- **TO DO**
All lines of the records below that contain the word "Answer" must be listed.

=== INPUT DATA ===

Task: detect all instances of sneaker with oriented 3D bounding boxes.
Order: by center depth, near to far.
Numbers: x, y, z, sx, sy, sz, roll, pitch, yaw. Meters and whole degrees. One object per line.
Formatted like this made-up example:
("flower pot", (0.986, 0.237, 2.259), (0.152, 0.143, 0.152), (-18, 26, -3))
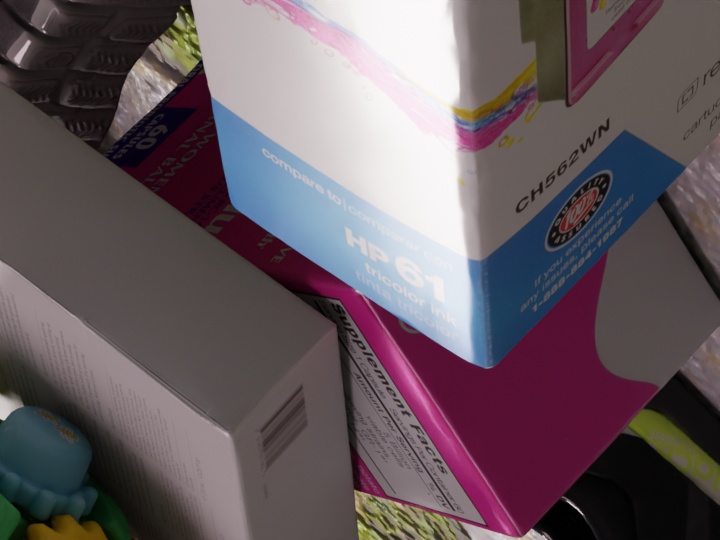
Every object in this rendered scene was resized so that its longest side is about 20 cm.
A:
("sneaker", (-0.122, -0.095, 0.909), (0.200, 0.078, 0.112), (-45, 65, 29))
("sneaker", (0.110, 0.110, 0.913), (0.200, 0.083, 0.072), (42, 158, 7))

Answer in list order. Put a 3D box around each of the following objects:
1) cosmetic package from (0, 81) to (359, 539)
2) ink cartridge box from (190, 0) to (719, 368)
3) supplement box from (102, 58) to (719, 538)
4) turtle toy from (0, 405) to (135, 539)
("cosmetic package", (-0.072, 0.041, 0.885), (0.151, 0.052, 0.200), (34, 156, 21))
("ink cartridge box", (0.037, -0.096, 0.597), (0.085, 0.145, 0.200), (34, 156, 25))
("supplement box", (0.000, 0.000, 0.890), (0.200, 0.101, 0.103), (11, 140, 54))
("turtle toy", (-0.103, 0.122, 0.862), (0.101, 0.146, 0.200), (-5, 130, 35))
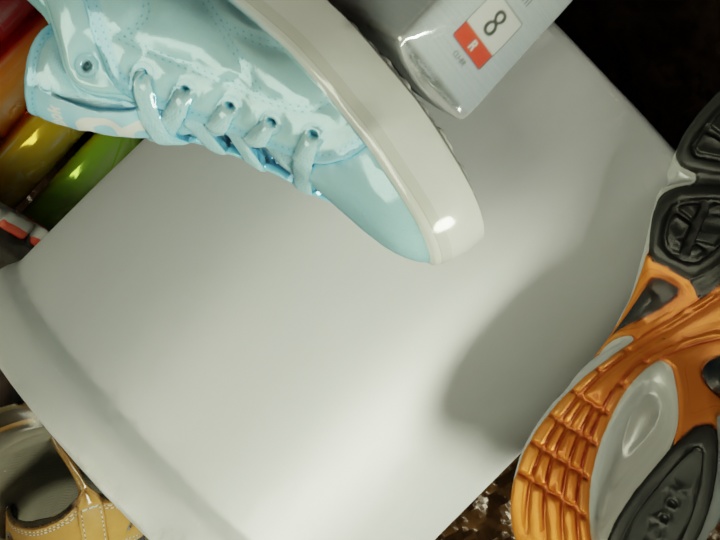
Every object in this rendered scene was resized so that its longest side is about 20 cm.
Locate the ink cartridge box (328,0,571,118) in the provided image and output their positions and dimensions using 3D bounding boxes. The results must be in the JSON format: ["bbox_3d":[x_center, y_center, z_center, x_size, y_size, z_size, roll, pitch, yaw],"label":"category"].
[{"bbox_3d":[0.041,-0.160,0.881,0.200,0.050,0.162,-50,45,-2],"label":"ink cartridge box"}]

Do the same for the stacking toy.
[{"bbox_3d":[-0.104,-0.044,1.097,0.200,0.116,0.110,43,169,-6],"label":"stacking toy"}]

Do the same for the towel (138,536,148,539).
[{"bbox_3d":[-0.057,0.140,1.133,0.143,0.023,0.201,27,123,56],"label":"towel"}]

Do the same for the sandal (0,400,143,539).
[{"bbox_3d":[-0.115,0.093,1.110,0.055,0.081,0.200,67,155,20],"label":"sandal"}]

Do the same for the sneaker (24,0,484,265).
[{"bbox_3d":[-0.053,-0.059,0.841,0.082,0.074,0.200,-45,75,-6],"label":"sneaker"}]

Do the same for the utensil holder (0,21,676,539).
[{"bbox_3d":[0.000,0.000,0.948,0.200,0.170,0.170,-44,78,2],"label":"utensil holder"}]

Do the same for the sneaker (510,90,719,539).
[{"bbox_3d":[0.116,0.013,0.890,0.076,0.092,0.200,36,93,14],"label":"sneaker"}]

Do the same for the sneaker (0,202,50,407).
[{"bbox_3d":[-0.143,0.030,1.083,0.077,0.082,0.200,23,162,22],"label":"sneaker"}]
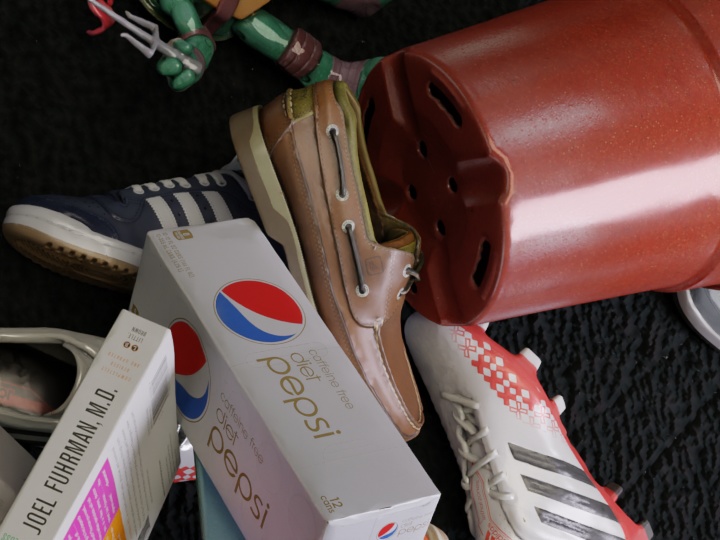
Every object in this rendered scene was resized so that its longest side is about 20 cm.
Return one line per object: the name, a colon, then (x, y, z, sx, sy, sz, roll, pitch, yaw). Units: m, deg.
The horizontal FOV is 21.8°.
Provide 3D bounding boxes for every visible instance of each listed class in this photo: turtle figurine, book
turtle figurine: (-0.071, -0.164, 1.031, 0.199, 0.100, 0.151, 20, 88, -33)
book: (-0.137, 0.135, 0.841, 0.048, 0.134, 0.201, 21, 59, 9)

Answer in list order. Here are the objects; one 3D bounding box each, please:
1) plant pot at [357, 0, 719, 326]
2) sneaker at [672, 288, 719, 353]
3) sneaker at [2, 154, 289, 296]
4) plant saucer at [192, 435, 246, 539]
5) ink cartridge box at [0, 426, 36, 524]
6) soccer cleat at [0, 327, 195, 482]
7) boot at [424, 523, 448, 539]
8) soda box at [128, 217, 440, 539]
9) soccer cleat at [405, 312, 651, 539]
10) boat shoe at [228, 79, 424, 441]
plant pot: (0.112, -0.065, 1.020, 0.194, 0.200, 0.203, -15, 86, -29)
sneaker: (0.296, 0.035, 1.127, 0.198, 0.121, 0.084, 24, 72, -16)
sneaker: (-0.091, -0.037, 1.013, 0.198, 0.070, 0.110, 16, 79, -25)
plant saucer: (-0.054, 0.093, 0.934, 0.069, 0.019, 0.201, 15, 35, -21)
ink cartridge box: (-0.253, 0.081, 0.880, 0.200, 0.068, 0.115, 42, 94, 9)
soccer cleat: (-0.134, 0.067, 0.968, 0.198, 0.085, 0.069, 14, 75, -19)
boot: (-0.027, 0.203, 0.980, 0.107, 0.075, 0.201, 42, 67, -24)
soda box: (-0.043, 0.065, 0.895, 0.063, 0.069, 0.200, -9, 45, -32)
soccer cleat: (0.083, 0.112, 1.050, 0.085, 0.068, 0.201, -43, 101, -27)
boat shoe: (0.000, 0.000, 0.969, 0.067, 0.072, 0.202, -21, 109, 8)
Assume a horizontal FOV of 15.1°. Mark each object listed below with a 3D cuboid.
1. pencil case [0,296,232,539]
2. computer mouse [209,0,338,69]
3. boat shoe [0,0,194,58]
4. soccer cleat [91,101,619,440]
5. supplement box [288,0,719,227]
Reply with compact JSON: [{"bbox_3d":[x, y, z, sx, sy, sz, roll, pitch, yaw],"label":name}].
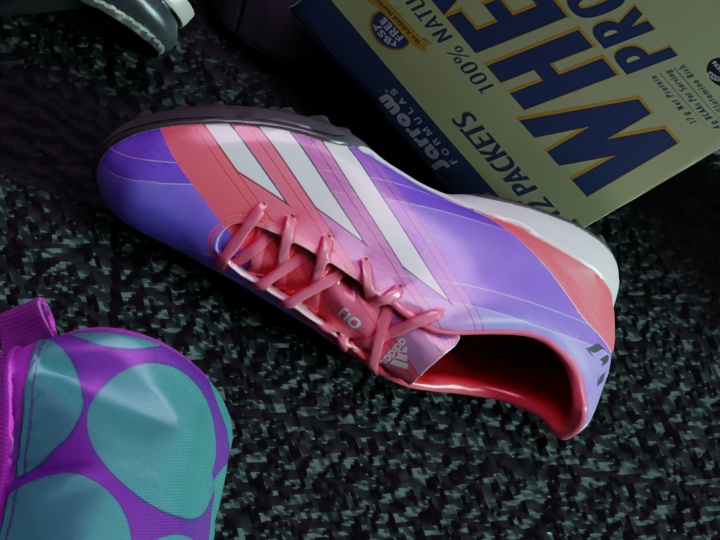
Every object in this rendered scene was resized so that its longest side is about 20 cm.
[{"bbox_3d":[-0.096,0.110,0.795,0.092,0.085,0.200,45,37,-30],"label":"pencil case"},{"bbox_3d":[-0.049,-0.174,1.089,0.140,0.046,0.201,19,47,-15],"label":"computer mouse"},{"bbox_3d":[-0.157,-0.116,0.982,0.199,0.072,0.068,22,83,-19],"label":"boat shoe"},{"bbox_3d":[0.000,0.000,0.957,0.199,0.068,0.073,18,51,-17],"label":"soccer cleat"},{"bbox_3d":[0.116,-0.140,1.022,0.134,0.200,0.200,48,45,-10],"label":"supplement box"}]

===

- **YOUR RESPONSE**
Answer in list order. Put a 3D box around each of the following objects:
Answer in list order. Here are the objects; one 3D bounding box each, please:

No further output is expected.